Our Vocal Cords –
The Origin Of Our Voice!
When we talk about singing, most of us rarely talk about our vocal cords, and would begin by emphasizing our breathing, since the first action that we do is actually to breathe before we even begin to make any sound! We believe that once we train ourselves to be able to control our breathing well, we will be able to sing well too.
However, equally important is our set of vocal cords, which is the origin of our strong and healthy voice! Without them, we would have NO voice, even if we have a strong diaphragm and lots of breath in our lungs.
Our vocal cords are actually housed in what we call our ‘voice box’ or larynx, also commonly known as our ‘Adam’s Apple’, which is most easily seen as a bulge in most men’s throats.
These cords produce sound through rapid vibration with the passage of air between the set of cords. When the air passes through the cords, forcing them apart, the cords immediately close back, creating multiple vibrations at a certain frequency, and this creates what our human ear perceives as the sound of our voice.

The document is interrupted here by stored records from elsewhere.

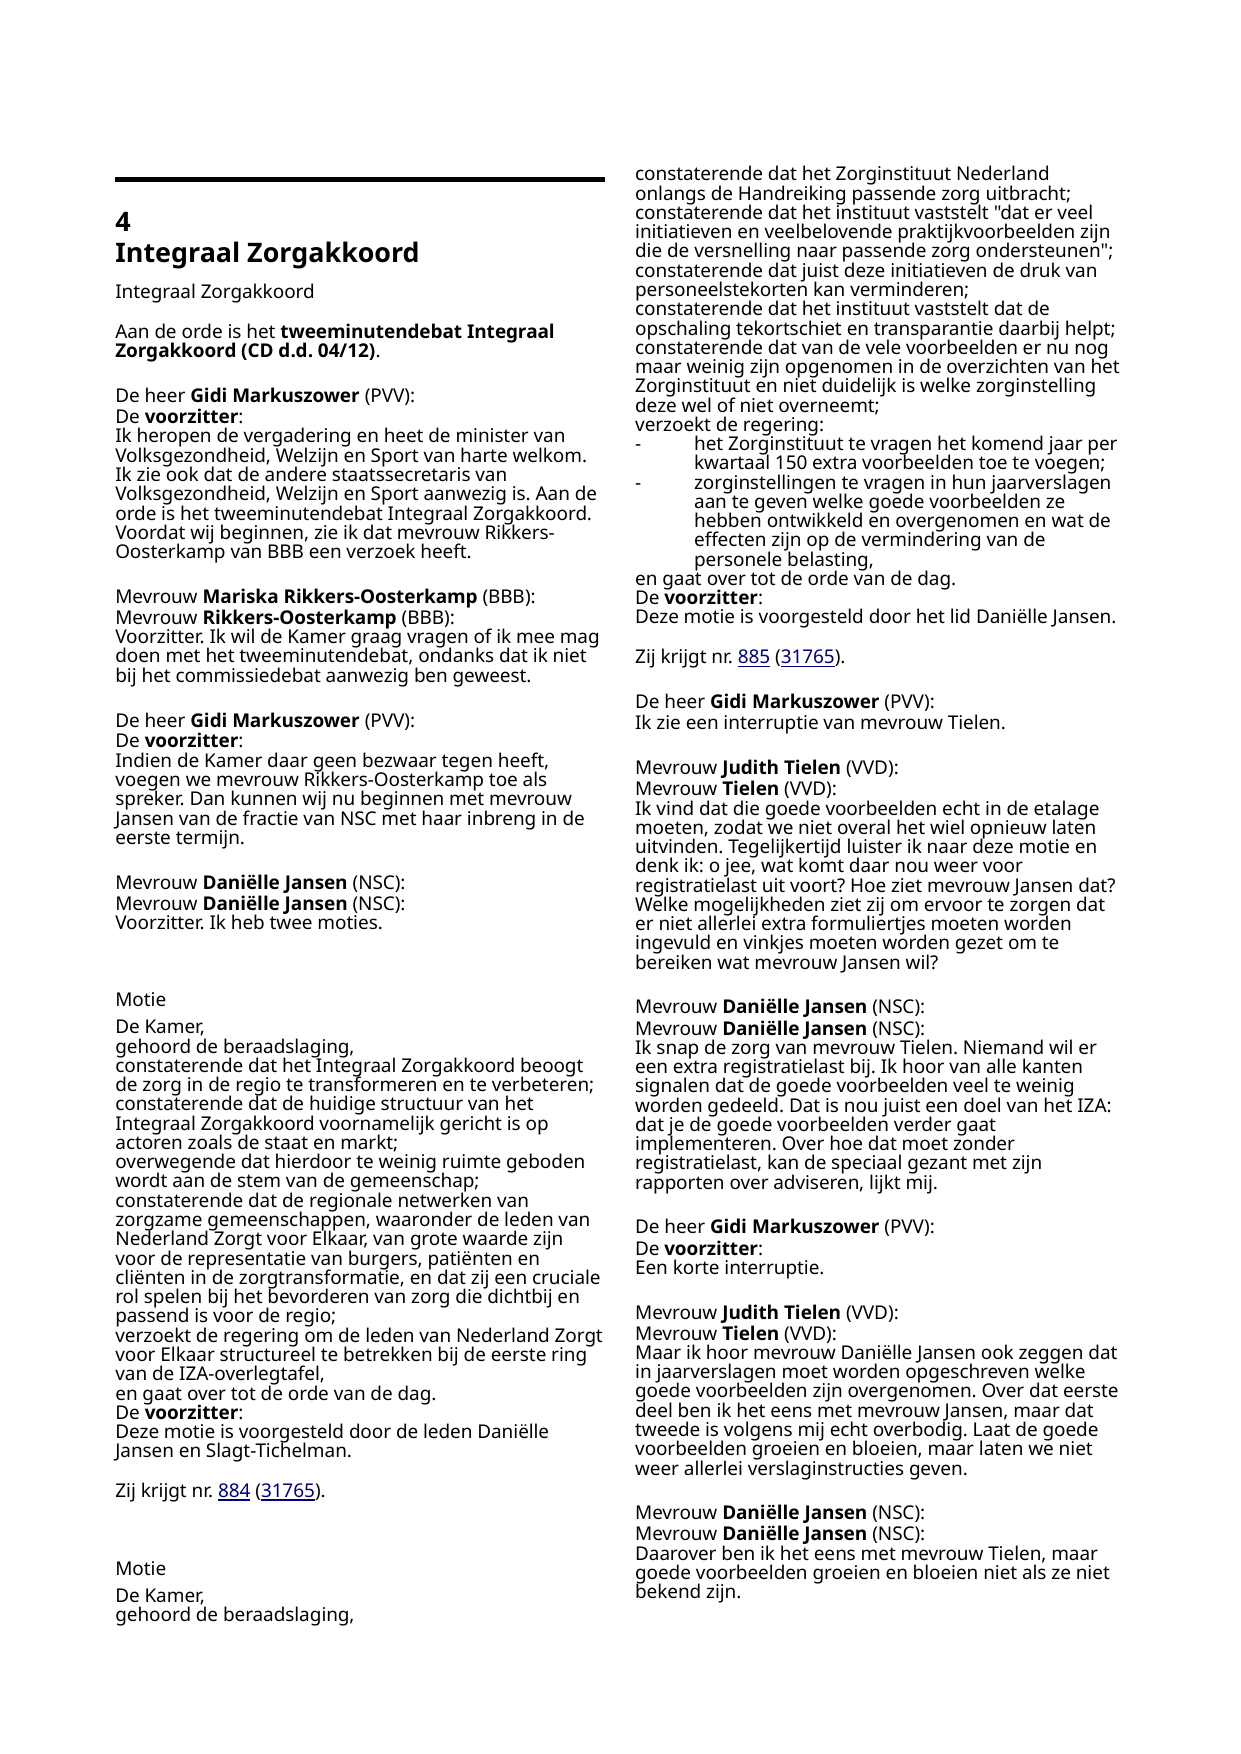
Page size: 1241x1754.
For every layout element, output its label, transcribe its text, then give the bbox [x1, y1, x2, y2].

text Deze motie is voorgesteld door de leden Daniëlle Jansen en Slagt-Tichelman. [115, 1423, 605, 1462]
text De voorzitter: [635, 589, 1125, 608]
text Mevrouw Daniëlle Jansen (NSC): [635, 1499, 1125, 1525]
text Integraal Zorgakkoord [115, 283, 605, 302]
text De voorzitter: [635, 1239, 1125, 1259]
text overwegende dat hierdoor te weinig ruimte geboden wordt aan de stem van de gemeenschap; [115, 1153, 605, 1192]
text Ik vind dat die goede voorbeelden echt in de etalage moeten, zodat we niet overal het wiel opnieuw laten uitvinden. Tegelijkertijd luister ik naar deze motie en denk ik: o jee, wat komt daar nou weer voor registratielast uit voort? Hoe ziet mevrouw Jansen dat? Welke mogelijkheden ziet zij om ervoor te zorgen dat er niet allerlei extra formuliertjes moeten worden ingevuld en vinkjes moeten worden gezet om te bereiken wat mevrouw Jansen wil? [635, 799, 1125, 973]
text 4 [115, 203, 605, 239]
list het Zorginstituut te vragen het komend jaar per kwartaal 150 extra voorbeelden toe te voegen; [635, 435, 1125, 474]
text Mevrouw Mariska Rikkers-Oosterkamp (BBB): [115, 583, 605, 609]
text constaterende dat het Integraal Zorgakkoord beoogt de zorg in de regio te transformeren en te verbeteren; [115, 1057, 605, 1095]
text Motie [115, 987, 605, 1012]
text Mevrouw Rikkers-Oosterkamp (BBB): [115, 609, 605, 628]
text Deze motie is voorgesteld door het lid Daniëlle Jansen. [635, 608, 1125, 628]
list zorginstellingen te vragen in hun jaarverslagen aan te geven welke goede voorbeelden ze hebben ontwikkeld en overgenomen en wat de effecten zijn op de vermindering van de personele belasting, [635, 474, 1125, 570]
text en gaat over tot de orde van de dag. [635, 570, 1125, 589]
text Een korte interruptie. [635, 1259, 1125, 1278]
text De heer Gidi Markuszower (PVV): [635, 1214, 1125, 1239]
text constaterende dat van de vele voorbeelden er nu nog maar weinig zijn opgenomen in de overzichten van het Zorginstituut en niet duidelijk is welke zorginstelling deze wel of niet overneemt; [635, 339, 1125, 416]
text verzoekt de regering: [635, 416, 1125, 435]
text De Kamer, [115, 1018, 605, 1038]
text De voorzitter: [115, 1404, 605, 1423]
text Ik zie een interruptie van mevrouw Tielen. [635, 714, 1125, 734]
text Zij krijgt nr. 885 (31765). [635, 648, 1125, 668]
text verzoekt de regering om de leden van Nederland Zorgt voor Elkaar structureel te betrekken bij de eerste ring van de IZA-overlegtafel, [115, 1327, 605, 1384]
text Zij krijgt nr. 884 (31765). [115, 1482, 605, 1502]
text Mevrouw Daniëlle Jansen (NSC): [635, 1525, 1125, 1544]
text gehoord de beraadslaging, [115, 1038, 605, 1057]
text De voorzitter: [115, 408, 605, 427]
text Integraal Zorgakkoord [115, 239, 605, 283]
text Voorzitter. Ik heb twee moties. [115, 914, 605, 933]
text Indien de Kamer daar geen bezwaar tegen heeft, voegen we mevrouw Rikkers-Oosterkamp toe als spreker. Dan kunnen wij nu beginnen met mevrouw Jansen van de fractie van NSC met haar inbreng in de eerste termijn. [115, 752, 605, 848]
text Motie [115, 1555, 605, 1581]
text Maar ik hoor mevrouw Daniëlle Jansen ook zeggen dat in jaarverslagen moet worden opgeschreven welke goede voorbeelden zijn overgenomen. Over dat eerste deel ben ik het eens met mevrouw Jansen, maar dat tweede is volgens mij echt overbodig. Laat de goede voorbeelden groeien en bloeien, maar laten we niet weer allerlei verslaginstructies geven. [635, 1344, 1125, 1479]
text constaterende dat juist deze initiatieven de druk van personeelstekorten kan verminderen; [635, 262, 1125, 300]
text constaterende dat het Zorginstituut Nederland onlangs de Handreiking passende zorg uitbracht; [635, 165, 1125, 204]
text Mevrouw Daniëlle Jansen (NSC): [115, 869, 605, 895]
text Mevrouw Tielen (VVD): [635, 780, 1125, 799]
text constaterende dat de huidige structuur van het Integraal Zorgakkoord voornamelijk gericht is op actoren zoals de staat en markt; [115, 1095, 605, 1153]
text constaterende dat het instituut vaststelt dat de opschaling tekortschiet en transparantie daarbij helpt; [635, 300, 1125, 339]
text Mevrouw Judith Tielen (VVD): [635, 754, 1125, 780]
text De Kamer, [115, 1587, 605, 1606]
text De heer Gidi Markuszower (PVV): [635, 689, 1125, 714]
text De heer Gidi Markuszower (PVV): [115, 707, 605, 732]
text Mevrouw Tielen (VVD): [635, 1324, 1125, 1344]
text Ik heropen de vergadering en heet de minister van Volksgezondheid, Welzijn en Sport van harte welkom. Ik zie ook dat de andere staatssecretaris van Volksgezondheid, Welzijn en Sport aanwezig is. Aan de orde is het tweeminutendebat Integraal Zorgakkoord. Voordat wij beginnen, zie ik dat mevrouw Rikkers-Oosterkamp van BBB een verzoek heeft. [115, 427, 605, 562]
text Mevrouw Daniëlle Jansen (NSC): [115, 895, 605, 914]
text constaterende dat de regionale netwerken van zorgzame gemeenschappen, waaronder de leden van Nederland Zorgt voor Elkaar, van grote waarde zijn voor de representatie van burgers, patiënten en cliënten in de zorgtransformatie, en dat zij een cruciale rol spelen bij het bevorderen van zorg die dichtbij en passend is voor de regio; [115, 1192, 605, 1327]
text De voorzitter: [115, 732, 605, 752]
text Aan de orde is het tweeminutendebat Integraal Zorgakkoord (CD d.d. 04/12). [115, 323, 605, 362]
text Daarover ben ik het eens met mevrouw Tielen, maar goede voorbeelden groeien en bloeien niet als ze niet bekend zijn. [635, 1544, 1125, 1602]
text De heer Gidi Markuszower (PVV): [115, 382, 605, 408]
text Ik snap de zorg van mevrouw Tielen. Niemand wil er een extra registratielast bij. Ik hoor van alle kanten signalen dat de goede voorbeelden veel te weinig worden gedeeld. Dat is nou juist een doel van het IZA: dat je de goede voorbeelden verder gaat implementeren. Over hoe dat moet zonder registratielast, kan de speciaal gezant met zijn rapporten over adviseren, lijkt mij. [635, 1039, 1125, 1193]
text gehoord de beraadslaging, [115, 1606, 605, 1625]
text Voorzitter. Ik wil de Kamer graag vragen of ik mee mag doen met het tweeminutendebat, ondanks dat ik niet bij het commissiedebat aanwezig ben geweest. [115, 628, 605, 686]
text constaterende dat het instituut vaststelt "dat er veel initiatieven en veelbelovende praktijkvoorbeelden zijn die de versnelling naar passende zorg ondersteunen"; [635, 204, 1125, 262]
text Mevrouw Daniëlle Jansen (NSC): [635, 1019, 1125, 1039]
text Mevrouw Daniëlle Jansen (NSC): [635, 994, 1125, 1019]
text Mevrouw Judith Tielen (VVD): [635, 1299, 1125, 1324]
text en gaat over tot de orde van de dag. [115, 1384, 605, 1404]

This also means that our vocal cords bear the brunt of the air pressure created when we sing!
For a more detailed description, visit this webpage at Wikipedia which is packed with interesting information about these important cord muscles!

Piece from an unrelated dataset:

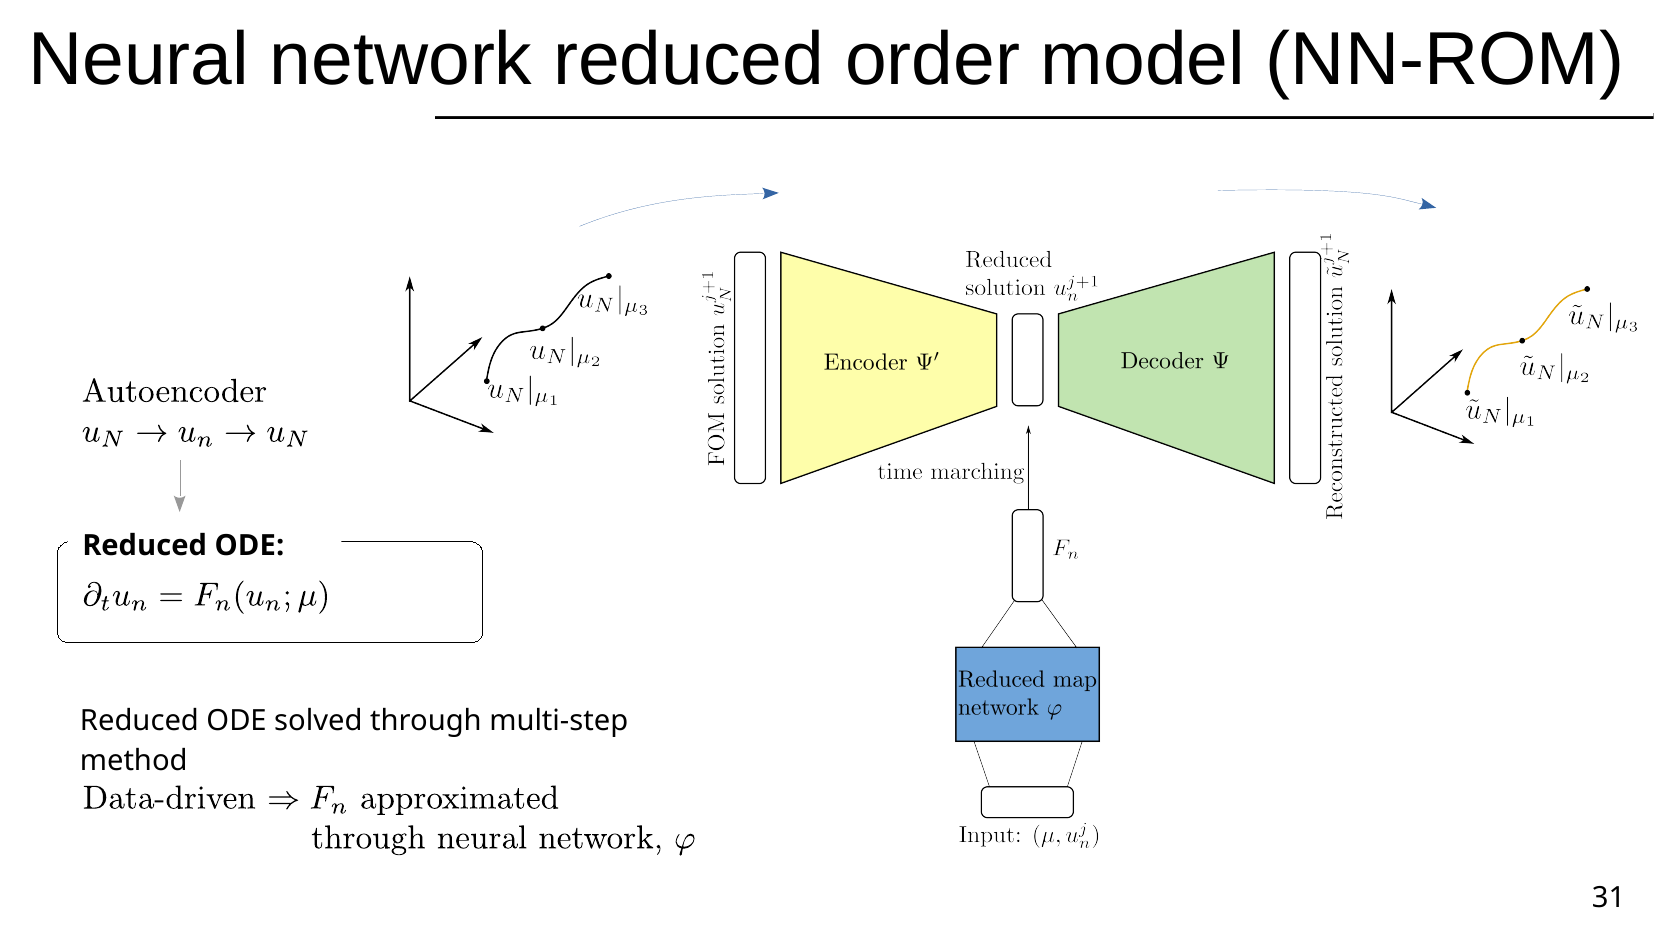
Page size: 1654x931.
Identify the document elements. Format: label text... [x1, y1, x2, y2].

Another fact that most people do not know is that these cord muscles actually can control our breathing too! Previously, our focus was on how our diaphragm and its surrounding muscles control our breathing, but it is also a fact that our cords can control our breath, by shutting completely and not letting any air out of our body!
We can demonstrate this by pronouncing these words loudly: “HAK!!! Ah…..” Make sure that you shut your cord muscles completely at the end of the word “HAK!!!”, and only when you let some air pass through your cords, it will allow you to produce the next word, “Ah….” as a form of release…
You can also demonstrate how our cords control our breathing by holding your breath and leaving your mouth open! It is this important set of muscles that is holding back the breath in our body, and once our cords are open, the breath will be able to pass through!
One other important and useful fact about our voice is that for LOW notes, our cord muscles are relatively less tense and less stretched out. However, for HIGH notes, our cords are much more tense and more stretched out! This means that when we do our humming or lip trill vocal warmups and we do progressively higher notes, our cord muscles are actually being stretched out more and becoming more and more tense!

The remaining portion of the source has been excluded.